Selon vous, quelle doit être l’attitude de la Mauritanie?
Dr
MMOM :
Je pense que pour des raisons humanitaires, l’extradition de M.
Senoussi en Libye est exclue, quand on se rappelle le traitement
inhumain, que ces autorités avaient réservé au président libyen,
Mouammar El Kadhafi, à son fils et à son ministre de la défense,
rescapés des bombardements d’un drone américain et des mirages
français. Quant à Seïf Al Islam, il s’est vu couper le doigt,
parce qu’il menaçait les opposants en faisant agiter ce même
doigt. La Mauritanie n’est pas signataire du traité de Rome
relatif à la CPI, un instrument du nouvel ordre mondial, spécialisé
dans le seul jugement des Africains et de certains rescapés de
l’ex-Union soviétique. Quant à la demande française, on est en
droit de se demander, pourquoi M. Sarkozy n’avait-il pas exigé de
M. Kadhafi l’extradition de M. Senoussi au moment où il lui
déroulait le tapis rouge sur les marches de l’Elysée. D’ailleurs
l’arrestation de M. Senoussi risquerait de faire ressortir les
accusations de financement de la campagne présidentielle de M.

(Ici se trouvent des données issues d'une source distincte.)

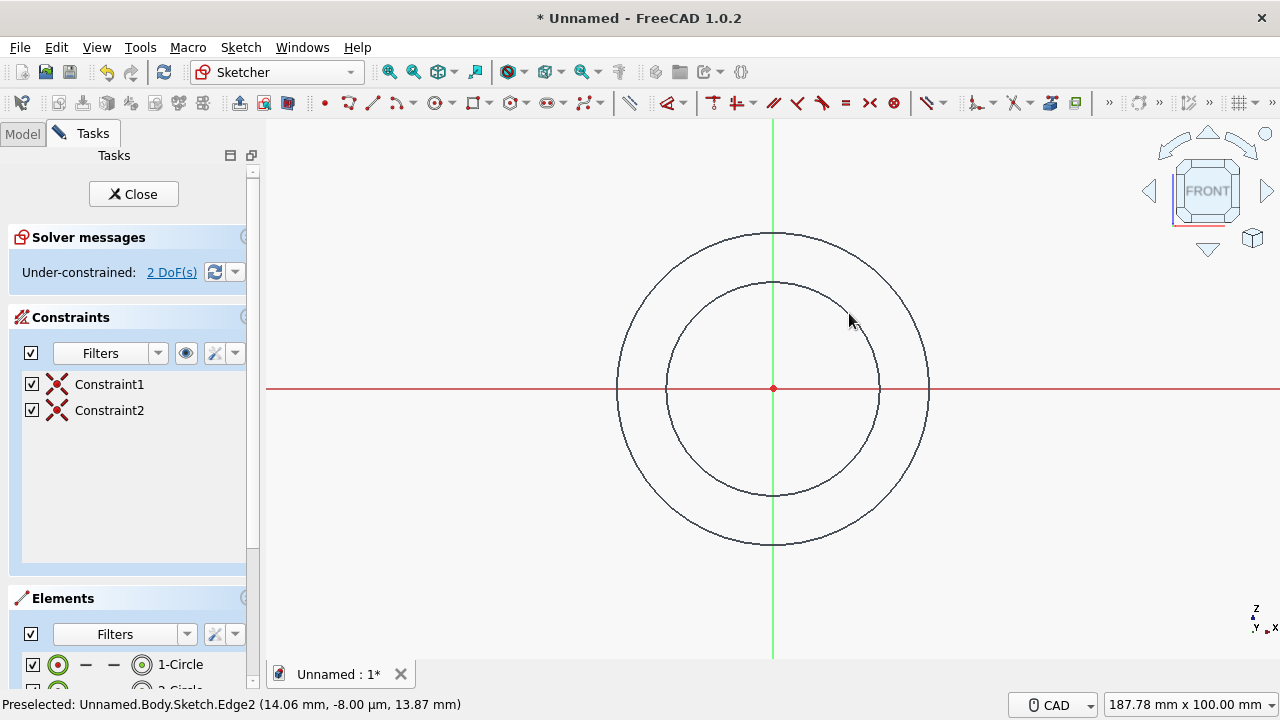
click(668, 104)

Sarkozy par la Libye en 2007.
NI
: Il n’est un secret pour personne que vous avez toujours suivi
avec intérêt les campagnes présidentielles françaises. Quelles
réflexions vous inspire l’actuelle campagne?
Dr
MMOM :
M. Sarkozy déclare, à l’occasion de sa visite au culte musulman
de Paris : «Nous voulons d’un Islam de France, mais pas de l’Islam
en France». Bien qu’aucun des candidats français à l’élection
présidentielle, n’est ni d’origine musulmane, ni issu de
l’immigration, cette campagne tourne essentiellement pour M.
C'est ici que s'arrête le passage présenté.